PDF(Pubmed)
Abstract:
Valvular heart disease is currently a common problem which causes high morbidity and mortality worldwide. Prosthetic valve replacements are widely needed to correct narrowing or backflow through the valvular orifice. Compared to mechanical valves and biological valves, tissue-engineered heart valves can be an ideal substitute because they have a low risk of thromboembolism and calcification, and the potential for remodelling, regeneration, and growth.
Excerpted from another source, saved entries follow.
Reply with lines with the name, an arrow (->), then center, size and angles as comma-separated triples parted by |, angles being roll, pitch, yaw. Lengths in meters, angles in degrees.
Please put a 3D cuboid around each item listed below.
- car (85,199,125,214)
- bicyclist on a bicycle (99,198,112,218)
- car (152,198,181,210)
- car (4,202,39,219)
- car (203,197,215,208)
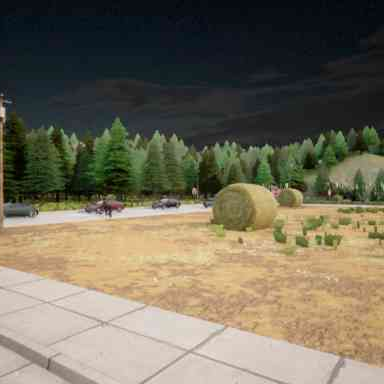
car -> -9.454, 1.545, 36.333 | 1.812, 1.442, 4.674 | 0, 0, 36
bicyclist on a bicycle -> -7.034, 1.322, 27.028 | 1.656, 1.620, 0.582 | 0, 0, 36
car -> -3.373, 1.545, 44.560 | 1.812, 1.442, 4.674 | 0, 0, 37
car -> -15.367, 1.583, 28.340 | 1.994, 1.385, 4.181 | 0, 0, 36
car -> 3.501, 1.512, 47.782 | 2.128, 1.511, 4.902 | 0, 0, 37
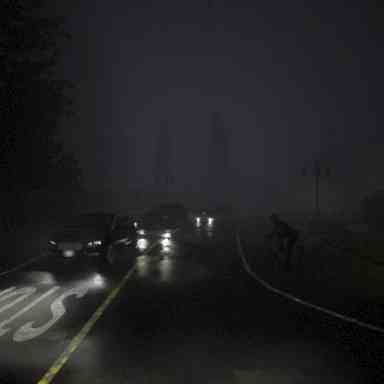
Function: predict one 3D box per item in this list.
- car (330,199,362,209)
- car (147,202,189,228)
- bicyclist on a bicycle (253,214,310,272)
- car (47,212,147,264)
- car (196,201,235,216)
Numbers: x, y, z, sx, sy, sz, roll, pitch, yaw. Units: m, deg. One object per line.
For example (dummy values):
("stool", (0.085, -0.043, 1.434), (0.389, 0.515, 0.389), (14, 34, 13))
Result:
("car", (20.892, 1.597, 44.875), (4.718, 1.301, 1.895), (0, 0, -28))
("car", (-1.658, 1.481, 22.581), (1.882, 1.535, 5.008), (0, 0, 17))
("bicyclist on a bicycle", (2.541, 1.451, 9.526), (1.656, 1.620, 0.582), (-2, 0, 0))
("car", (-3.299, 1.494, 11.911), (2.128, 1.511, 4.902), (0, 0, 5))
("car", (2.407, 1.549, 32.438), (2.033, 1.411, 5.357), (0, 0, 31))
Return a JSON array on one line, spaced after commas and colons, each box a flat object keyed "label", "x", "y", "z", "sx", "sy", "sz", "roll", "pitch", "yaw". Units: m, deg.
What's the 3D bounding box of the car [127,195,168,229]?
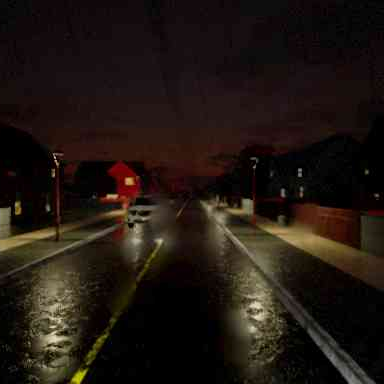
[{"label": "car", "x": -2.800, "y": 1.223, "z": 22.162, "sx": 2.150, "sy": 2.045, "sz": 5.566, "roll": 0, "pitch": 0, "yaw": 1}]
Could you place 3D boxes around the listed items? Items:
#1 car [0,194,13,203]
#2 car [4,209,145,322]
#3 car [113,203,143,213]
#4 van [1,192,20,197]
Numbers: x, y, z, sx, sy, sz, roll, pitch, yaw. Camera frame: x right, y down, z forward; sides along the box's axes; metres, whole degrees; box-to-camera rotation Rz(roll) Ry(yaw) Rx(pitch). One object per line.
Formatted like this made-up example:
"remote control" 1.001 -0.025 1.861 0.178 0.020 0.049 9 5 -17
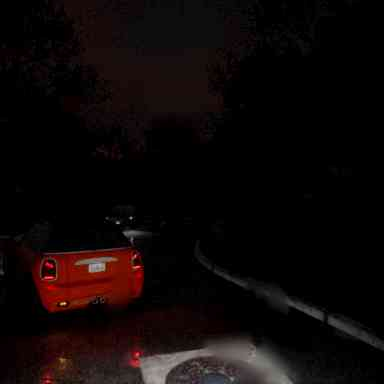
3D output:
"car" -33.205 1.053 56.367 4.792 1.488 2.163 1 1 -38
"car" -2.877 1.352 7.621 2.097 1.767 4.553 1 -1 -34
"car" -4.242 1.465 21.353 1.812 1.442 4.674 0 1 0
"van" -28.199 1.051 49.709 4.442 1.987 1.878 1 1 -38
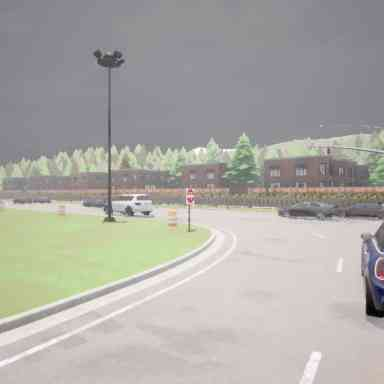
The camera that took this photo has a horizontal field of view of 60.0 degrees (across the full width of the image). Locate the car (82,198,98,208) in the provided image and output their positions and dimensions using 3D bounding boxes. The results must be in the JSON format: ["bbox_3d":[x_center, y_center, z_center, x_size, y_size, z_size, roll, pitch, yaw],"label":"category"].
[{"bbox_3d":[-13.877,1.564,47.462,4.181,1.385,1.994,0,0,41],"label":"car"}]

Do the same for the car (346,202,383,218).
[{"bbox_3d":[14.503,1.547,27.658,5.357,1.411,2.033,0,0,41],"label":"car"}]

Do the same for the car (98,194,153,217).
[{"bbox_3d":[-6.100,1.220,31.536,5.566,2.045,2.150,0,0,41],"label":"car"}]

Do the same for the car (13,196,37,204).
[{"bbox_3d":[-32.185,1.499,63.186,4.902,1.511,2.128,0,0,41],"label":"car"}]

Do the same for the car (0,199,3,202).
[{"bbox_3d":[-32.659,1.547,54.390,5.357,1.411,2.033,0,0,41],"label":"car"}]

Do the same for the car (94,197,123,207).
[{"bbox_3d":[-12.943,1.504,51.279,4.892,1.490,1.837,0,0,41],"label":"car"}]

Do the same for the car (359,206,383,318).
[{"bbox_3d":[4.808,1.352,7.061,2.097,1.767,4.553,0,0,26],"label":"car"}]

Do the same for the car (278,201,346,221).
[{"bbox_3d":[9.526,1.491,27.323,4.902,1.511,2.128,0,0,41],"label":"car"}]

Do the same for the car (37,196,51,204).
[{"bbox_3d":[-29.705,1.557,65.616,4.181,1.385,1.994,0,0,41],"label":"car"}]
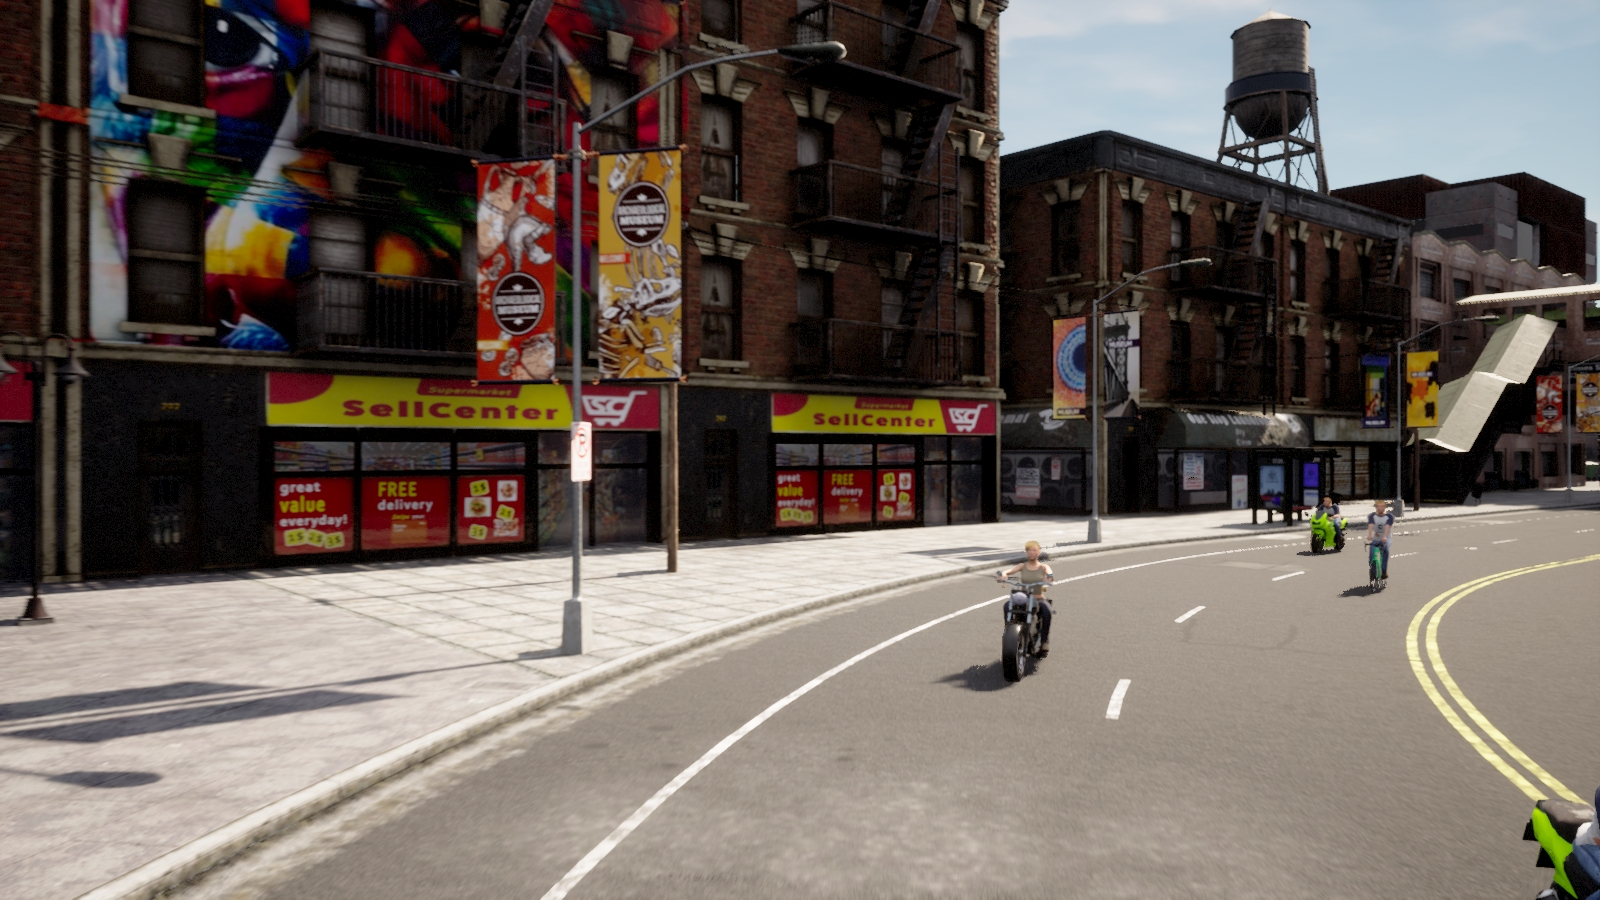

In order to test the performance of these heart valves, various animal models and other models are needed to optimise the structure and function of tissue-engineered heart valves, which may provide a potential mechanism responsible for substantial enhancement in tissue-engineered heart valves. Choosing the appropriate model for evaluating the performance of the tissue-engineered valve is important, as different models have their own advantages and disadvantages. In this review, we summarise the current state-of-the-art animal models, bioreactors, and computational simulation models with the aim of creating more strategies for better development of tissue-engineered heart valves. This review provides an overview of major factors that influence the selection and design of a model for tissue-engineered heart valve. Continued efforts in improving and testing models for valve regeneration remain crucial in basic science and translational researches. Future research should focus on finding the right animal model and developing better in vitro testing systems for tissue-engineered heart valve.
摘要:
心脏瓣膜病是目前在全球范围内引起高发病率和死亡率的常见问题。广泛需要假体瓣膜置换以校正通过瓣膜孔口的变窄或回流。与机械阀和生物阀相比,组织工程心脏瓣膜可能是理想的替代品,因为它们具有低的血栓栓塞和钙化风险,以及改造的潜力,再生,和增长。为了测试这些心脏瓣膜的性能,需要各种动物模型和其他模型来优化组织工程心脏瓣膜的结构和功能,这可能提供了一个潜在的机制,负责组织工程心脏瓣膜的实质性增强。选择合适的模型来评估组织工程瓣膜的性能是重要的,因为不同的模型有自己的优点和缺点。在这次审查中,我们总结了当前最先进的动物模型,生物反应器,和计算仿真模型,目的是为更好地开发组织工程心脏瓣膜创造更多的策略。这篇综述概述了影响组织工程心脏瓣膜模型选择和设计的主要因素。在基础科学和转化研究中,继续努力改进和测试阀门再生模型仍然至关重要。未来的研究应该集中在寻找合适的动物模型和开发更好的组织工程心脏瓣膜体外测试系统。